■ **Your assignment**
Please take the lines from the one holding "#52 cardboard box <box>1388,0,1404,7</box>" through the one holding "#55 rack shelf <box>1018,383,1038,408</box>" in the data below and copy them exactly.

■ **Provided records**
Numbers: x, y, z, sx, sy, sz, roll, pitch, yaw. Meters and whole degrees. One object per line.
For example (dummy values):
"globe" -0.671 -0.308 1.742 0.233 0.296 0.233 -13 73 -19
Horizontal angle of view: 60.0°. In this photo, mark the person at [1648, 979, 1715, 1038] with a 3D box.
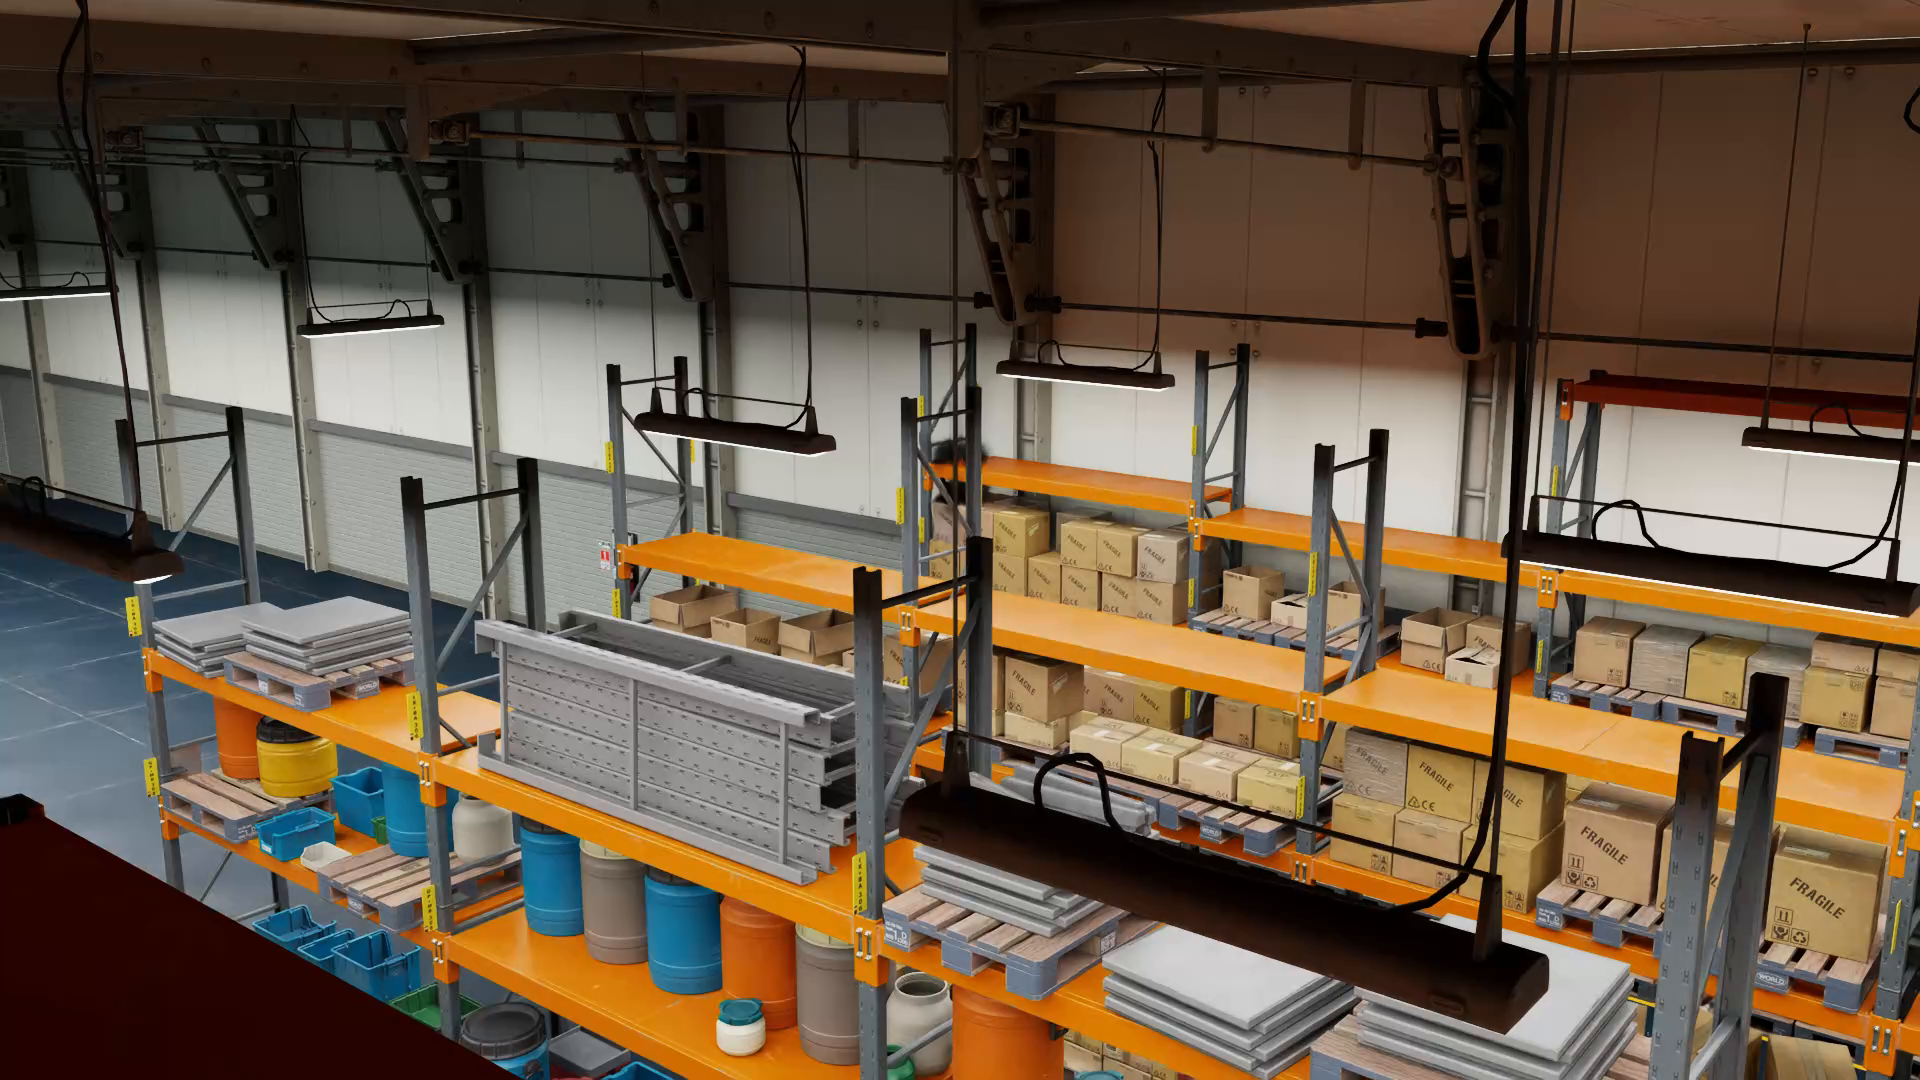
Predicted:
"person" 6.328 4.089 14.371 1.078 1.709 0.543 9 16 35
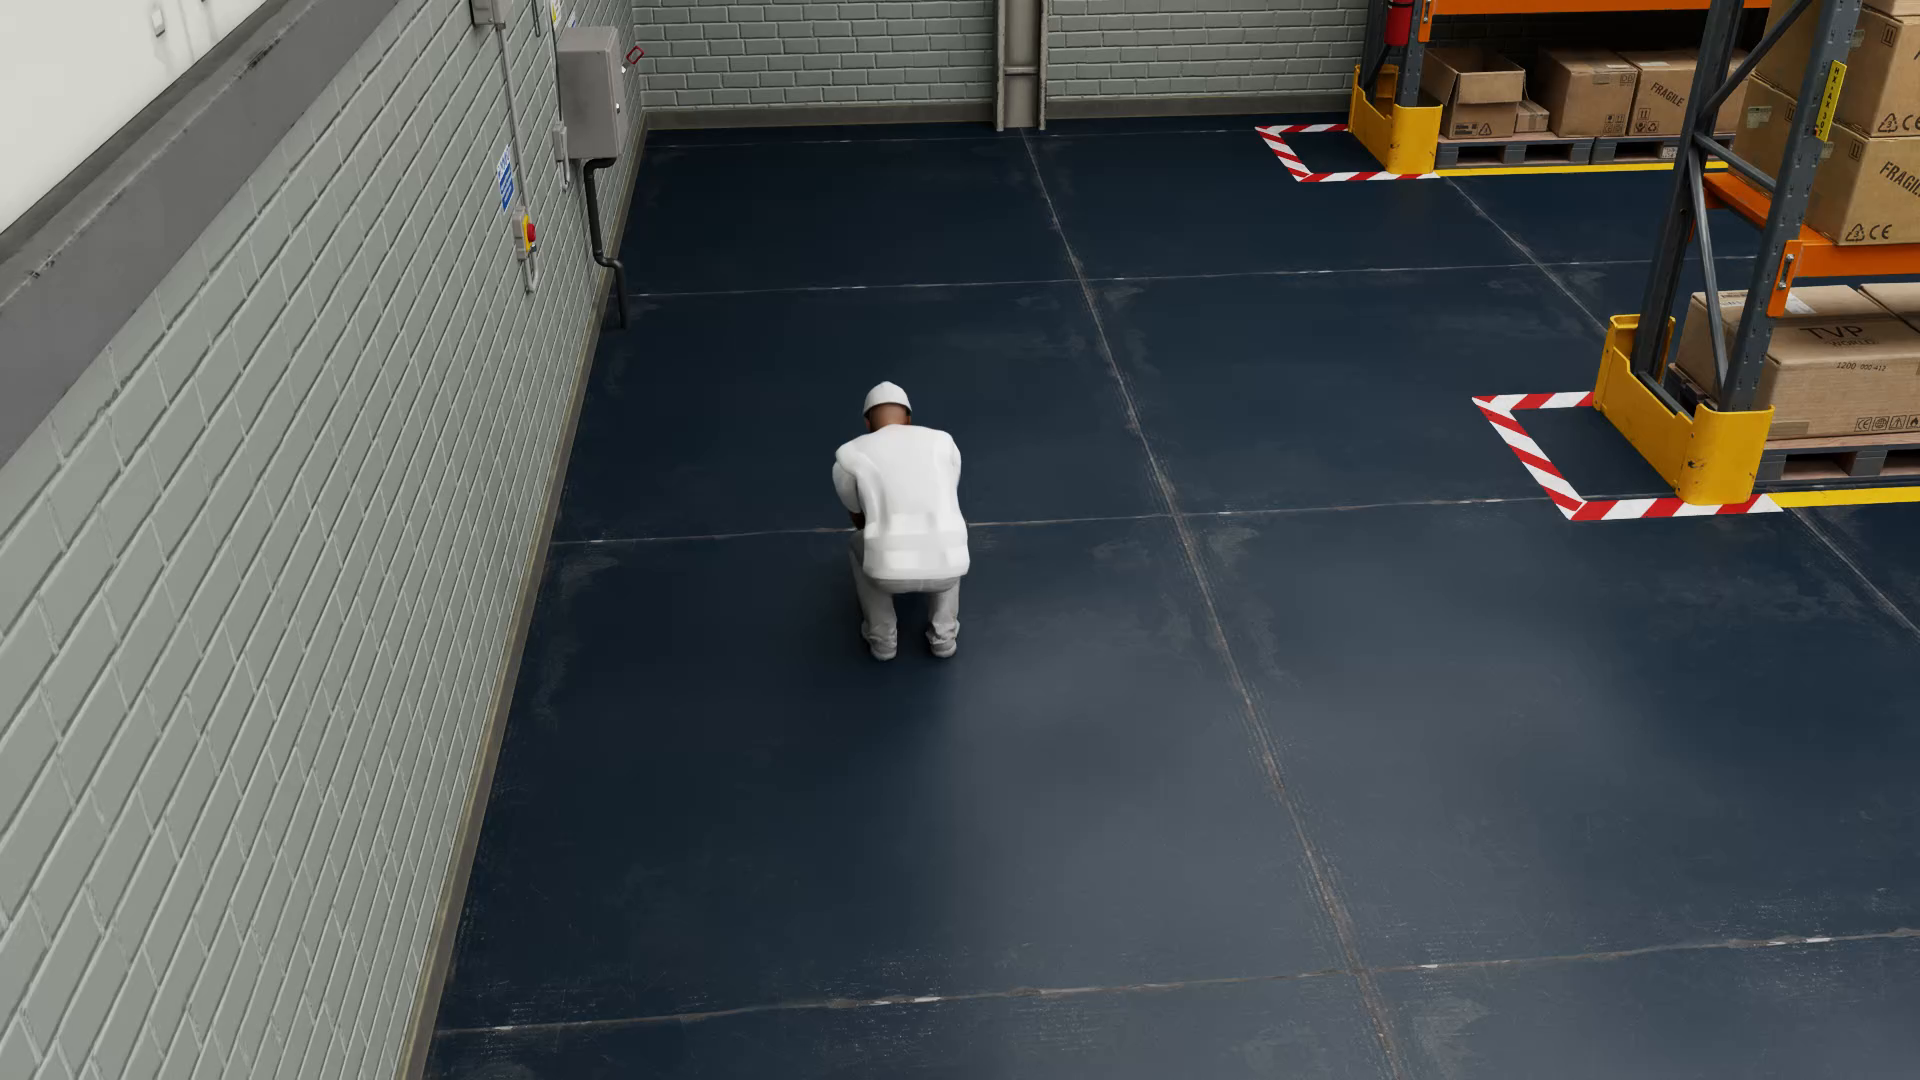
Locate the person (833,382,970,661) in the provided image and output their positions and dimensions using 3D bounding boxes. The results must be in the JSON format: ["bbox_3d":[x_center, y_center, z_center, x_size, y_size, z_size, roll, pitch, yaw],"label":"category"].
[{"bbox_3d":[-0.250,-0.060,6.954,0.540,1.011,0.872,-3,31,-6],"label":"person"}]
* * *
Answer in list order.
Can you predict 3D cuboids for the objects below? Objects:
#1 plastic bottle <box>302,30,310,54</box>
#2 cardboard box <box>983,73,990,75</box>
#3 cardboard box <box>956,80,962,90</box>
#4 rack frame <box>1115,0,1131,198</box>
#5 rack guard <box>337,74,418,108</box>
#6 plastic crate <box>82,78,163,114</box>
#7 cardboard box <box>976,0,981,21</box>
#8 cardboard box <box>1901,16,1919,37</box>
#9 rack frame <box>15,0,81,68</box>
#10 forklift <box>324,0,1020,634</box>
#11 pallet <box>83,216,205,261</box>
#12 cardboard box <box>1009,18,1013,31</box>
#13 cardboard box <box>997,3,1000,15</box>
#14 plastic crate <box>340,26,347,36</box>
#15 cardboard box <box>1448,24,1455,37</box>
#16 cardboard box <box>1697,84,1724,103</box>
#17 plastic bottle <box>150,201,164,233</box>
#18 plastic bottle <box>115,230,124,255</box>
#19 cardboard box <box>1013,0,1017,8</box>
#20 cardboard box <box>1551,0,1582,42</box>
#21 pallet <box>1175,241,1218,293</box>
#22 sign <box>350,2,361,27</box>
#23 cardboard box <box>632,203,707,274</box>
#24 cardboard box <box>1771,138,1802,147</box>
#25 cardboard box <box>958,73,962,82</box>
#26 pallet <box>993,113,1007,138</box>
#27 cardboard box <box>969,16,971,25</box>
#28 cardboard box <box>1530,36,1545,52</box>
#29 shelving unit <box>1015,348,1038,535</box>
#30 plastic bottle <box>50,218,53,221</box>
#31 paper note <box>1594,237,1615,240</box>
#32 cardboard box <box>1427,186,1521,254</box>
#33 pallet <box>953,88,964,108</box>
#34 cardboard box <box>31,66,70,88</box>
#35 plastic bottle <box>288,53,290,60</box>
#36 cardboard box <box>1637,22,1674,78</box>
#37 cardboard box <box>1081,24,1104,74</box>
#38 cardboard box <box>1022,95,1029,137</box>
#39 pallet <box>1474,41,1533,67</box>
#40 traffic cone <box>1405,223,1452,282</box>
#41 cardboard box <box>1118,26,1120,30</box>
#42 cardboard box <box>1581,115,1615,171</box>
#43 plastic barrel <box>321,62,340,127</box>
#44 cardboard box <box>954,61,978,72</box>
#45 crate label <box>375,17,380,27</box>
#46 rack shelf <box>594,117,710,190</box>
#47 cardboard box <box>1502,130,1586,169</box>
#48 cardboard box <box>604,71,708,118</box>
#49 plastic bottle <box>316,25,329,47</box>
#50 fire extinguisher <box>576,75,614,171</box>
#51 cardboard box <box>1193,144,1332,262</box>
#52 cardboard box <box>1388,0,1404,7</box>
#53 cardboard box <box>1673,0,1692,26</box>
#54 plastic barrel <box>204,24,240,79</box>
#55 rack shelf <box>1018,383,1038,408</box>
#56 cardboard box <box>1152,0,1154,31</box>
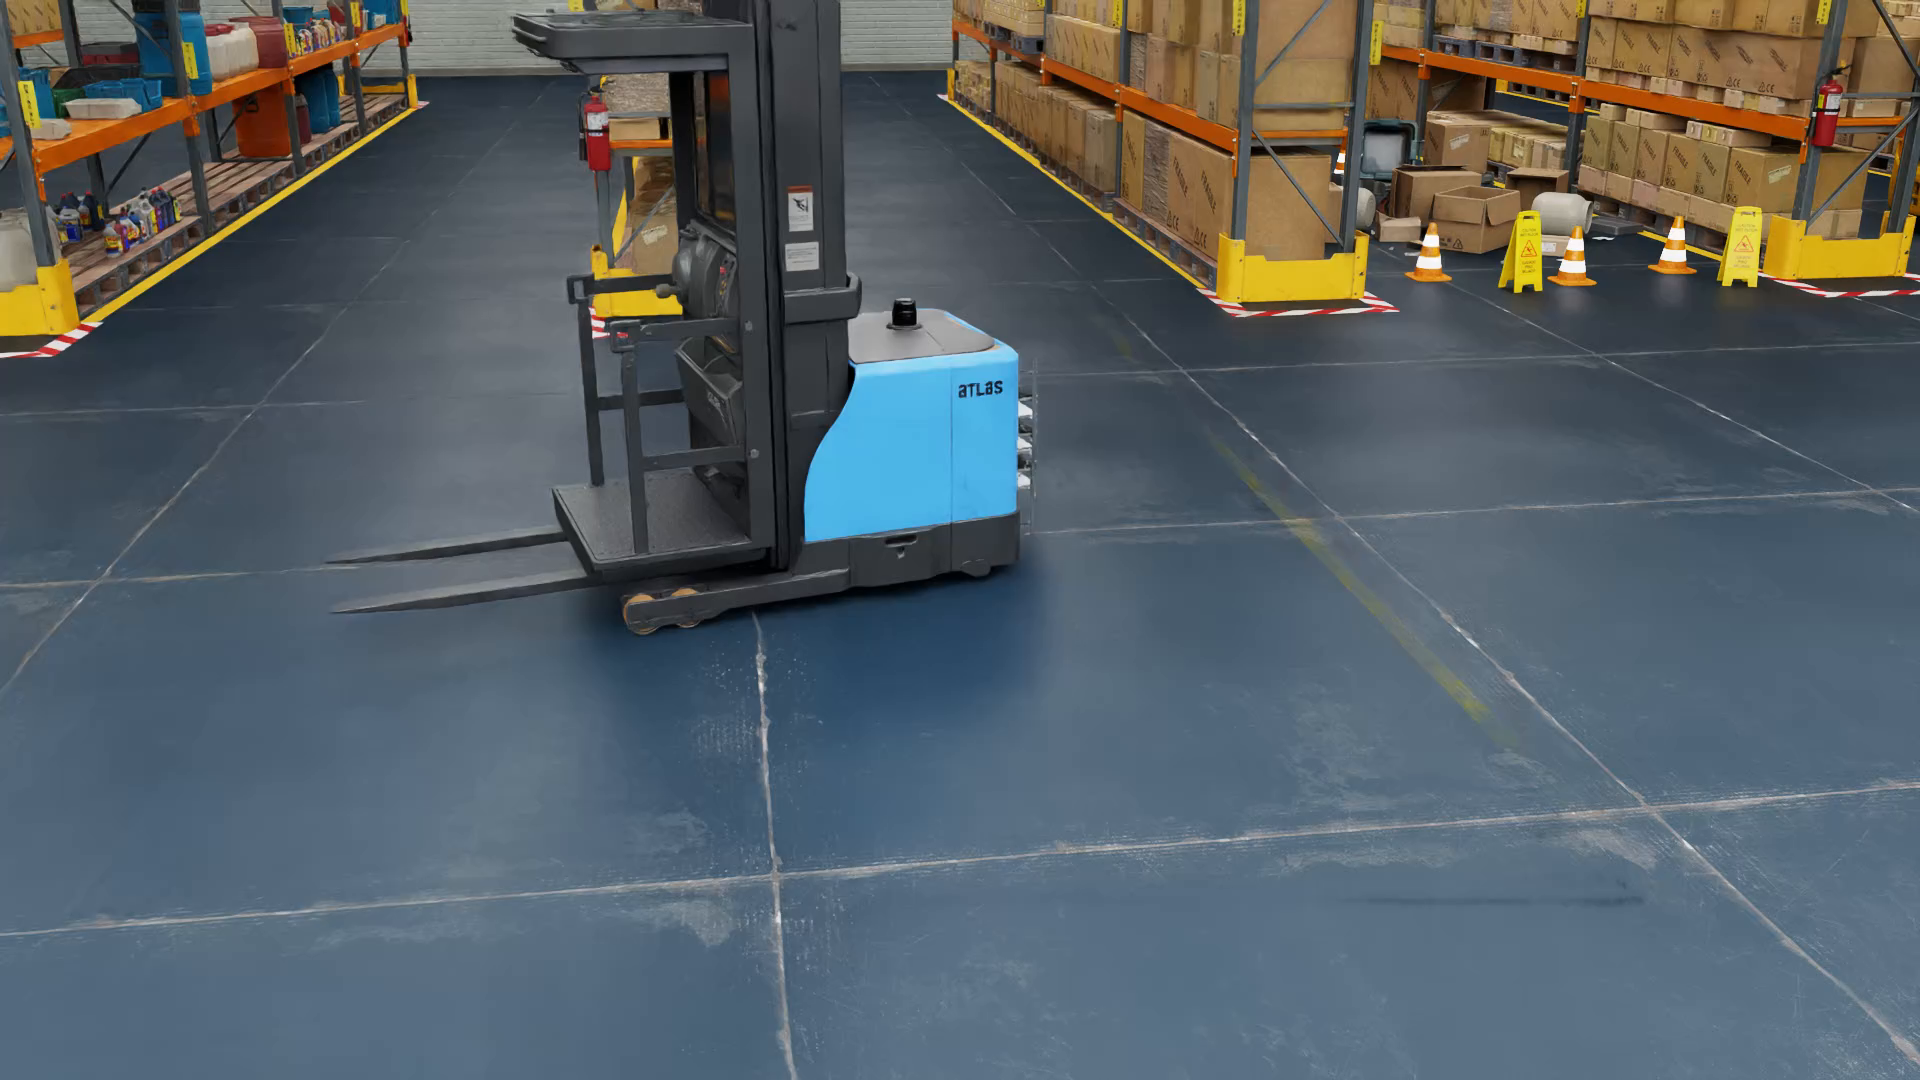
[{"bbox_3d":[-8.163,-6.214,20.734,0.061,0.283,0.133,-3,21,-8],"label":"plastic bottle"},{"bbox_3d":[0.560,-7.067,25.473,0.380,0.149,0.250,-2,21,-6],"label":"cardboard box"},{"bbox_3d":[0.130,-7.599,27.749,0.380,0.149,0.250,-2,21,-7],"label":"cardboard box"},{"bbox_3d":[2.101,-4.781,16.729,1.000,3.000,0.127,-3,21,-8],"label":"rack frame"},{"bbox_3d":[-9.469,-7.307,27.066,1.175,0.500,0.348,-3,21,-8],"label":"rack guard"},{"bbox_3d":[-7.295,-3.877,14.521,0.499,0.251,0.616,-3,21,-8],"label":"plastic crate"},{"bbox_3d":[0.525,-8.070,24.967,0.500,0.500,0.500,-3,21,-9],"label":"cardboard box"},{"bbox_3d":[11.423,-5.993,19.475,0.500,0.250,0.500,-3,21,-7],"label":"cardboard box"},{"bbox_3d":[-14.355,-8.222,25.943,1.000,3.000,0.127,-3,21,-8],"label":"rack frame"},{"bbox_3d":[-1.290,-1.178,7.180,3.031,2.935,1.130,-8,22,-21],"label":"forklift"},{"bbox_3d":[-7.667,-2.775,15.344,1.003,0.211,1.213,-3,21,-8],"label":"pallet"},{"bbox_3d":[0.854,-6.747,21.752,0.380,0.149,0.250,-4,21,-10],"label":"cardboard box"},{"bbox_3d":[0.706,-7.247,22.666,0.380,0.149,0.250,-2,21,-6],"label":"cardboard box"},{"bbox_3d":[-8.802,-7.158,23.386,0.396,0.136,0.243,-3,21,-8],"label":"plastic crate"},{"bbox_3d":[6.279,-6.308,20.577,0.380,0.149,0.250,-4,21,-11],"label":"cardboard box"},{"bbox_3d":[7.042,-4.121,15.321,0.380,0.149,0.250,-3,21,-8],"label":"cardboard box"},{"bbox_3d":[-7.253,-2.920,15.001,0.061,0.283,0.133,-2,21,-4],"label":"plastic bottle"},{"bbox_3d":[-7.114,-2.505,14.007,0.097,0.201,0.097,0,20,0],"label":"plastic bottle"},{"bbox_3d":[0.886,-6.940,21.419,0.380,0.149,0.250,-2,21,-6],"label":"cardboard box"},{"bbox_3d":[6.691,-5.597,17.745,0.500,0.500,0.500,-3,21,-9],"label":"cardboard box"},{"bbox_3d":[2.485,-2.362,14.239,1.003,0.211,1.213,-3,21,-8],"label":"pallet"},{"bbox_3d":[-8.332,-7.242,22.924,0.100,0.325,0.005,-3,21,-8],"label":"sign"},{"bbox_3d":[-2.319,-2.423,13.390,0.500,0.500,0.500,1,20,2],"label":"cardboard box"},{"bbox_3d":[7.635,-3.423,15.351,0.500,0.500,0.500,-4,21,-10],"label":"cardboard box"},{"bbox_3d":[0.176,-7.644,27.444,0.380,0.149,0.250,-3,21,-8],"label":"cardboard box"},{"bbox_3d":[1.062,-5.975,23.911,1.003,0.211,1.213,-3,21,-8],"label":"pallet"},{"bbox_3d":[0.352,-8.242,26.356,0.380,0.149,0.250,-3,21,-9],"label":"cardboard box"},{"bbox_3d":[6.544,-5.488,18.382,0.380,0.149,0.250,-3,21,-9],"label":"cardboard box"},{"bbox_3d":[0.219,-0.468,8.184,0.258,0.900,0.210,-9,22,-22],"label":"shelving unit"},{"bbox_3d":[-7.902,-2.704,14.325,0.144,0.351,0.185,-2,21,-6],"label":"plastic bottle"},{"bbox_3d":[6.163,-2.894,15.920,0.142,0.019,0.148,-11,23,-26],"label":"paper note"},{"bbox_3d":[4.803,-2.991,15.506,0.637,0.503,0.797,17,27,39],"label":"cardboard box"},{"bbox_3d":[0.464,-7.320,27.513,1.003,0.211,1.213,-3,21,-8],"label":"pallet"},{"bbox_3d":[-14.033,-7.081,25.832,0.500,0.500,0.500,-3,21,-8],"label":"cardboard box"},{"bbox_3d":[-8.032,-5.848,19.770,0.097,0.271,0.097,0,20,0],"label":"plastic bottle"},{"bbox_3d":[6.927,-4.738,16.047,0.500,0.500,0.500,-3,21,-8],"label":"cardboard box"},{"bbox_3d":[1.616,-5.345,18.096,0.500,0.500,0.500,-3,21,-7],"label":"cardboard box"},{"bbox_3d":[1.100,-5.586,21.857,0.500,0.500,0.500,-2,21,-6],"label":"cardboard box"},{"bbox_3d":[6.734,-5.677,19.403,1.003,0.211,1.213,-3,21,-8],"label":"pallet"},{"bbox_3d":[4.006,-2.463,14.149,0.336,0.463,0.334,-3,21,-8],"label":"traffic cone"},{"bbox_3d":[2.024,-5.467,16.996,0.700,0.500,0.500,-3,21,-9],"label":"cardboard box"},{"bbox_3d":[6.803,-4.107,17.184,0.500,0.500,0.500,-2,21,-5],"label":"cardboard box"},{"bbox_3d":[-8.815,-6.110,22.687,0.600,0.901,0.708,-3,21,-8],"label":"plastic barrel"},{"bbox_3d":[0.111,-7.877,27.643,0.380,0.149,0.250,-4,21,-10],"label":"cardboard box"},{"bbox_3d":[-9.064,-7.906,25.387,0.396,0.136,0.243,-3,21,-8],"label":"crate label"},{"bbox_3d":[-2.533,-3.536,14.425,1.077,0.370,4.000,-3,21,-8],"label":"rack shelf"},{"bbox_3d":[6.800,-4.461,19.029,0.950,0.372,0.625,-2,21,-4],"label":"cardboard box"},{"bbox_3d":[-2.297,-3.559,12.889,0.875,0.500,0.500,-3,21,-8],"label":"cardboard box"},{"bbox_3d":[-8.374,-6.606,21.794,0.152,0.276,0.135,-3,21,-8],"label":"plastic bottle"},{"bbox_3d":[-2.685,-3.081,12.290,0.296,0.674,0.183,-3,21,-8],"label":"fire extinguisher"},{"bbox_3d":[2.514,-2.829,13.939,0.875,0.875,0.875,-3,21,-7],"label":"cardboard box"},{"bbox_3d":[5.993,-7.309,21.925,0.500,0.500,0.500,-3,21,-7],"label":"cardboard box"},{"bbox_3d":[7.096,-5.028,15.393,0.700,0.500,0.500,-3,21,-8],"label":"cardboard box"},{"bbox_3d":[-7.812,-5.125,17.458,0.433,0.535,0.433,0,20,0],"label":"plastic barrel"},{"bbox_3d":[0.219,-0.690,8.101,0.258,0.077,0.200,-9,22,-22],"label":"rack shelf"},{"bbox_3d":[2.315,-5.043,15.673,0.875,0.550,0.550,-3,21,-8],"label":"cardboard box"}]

■ **Exercise output**
#52 cardboard box <box>1388,0,1404,7</box>
#53 cardboard box <box>1673,0,1692,26</box>
#54 plastic barrel <box>204,24,240,79</box>
#55 rack shelf <box>1018,383,1038,408</box>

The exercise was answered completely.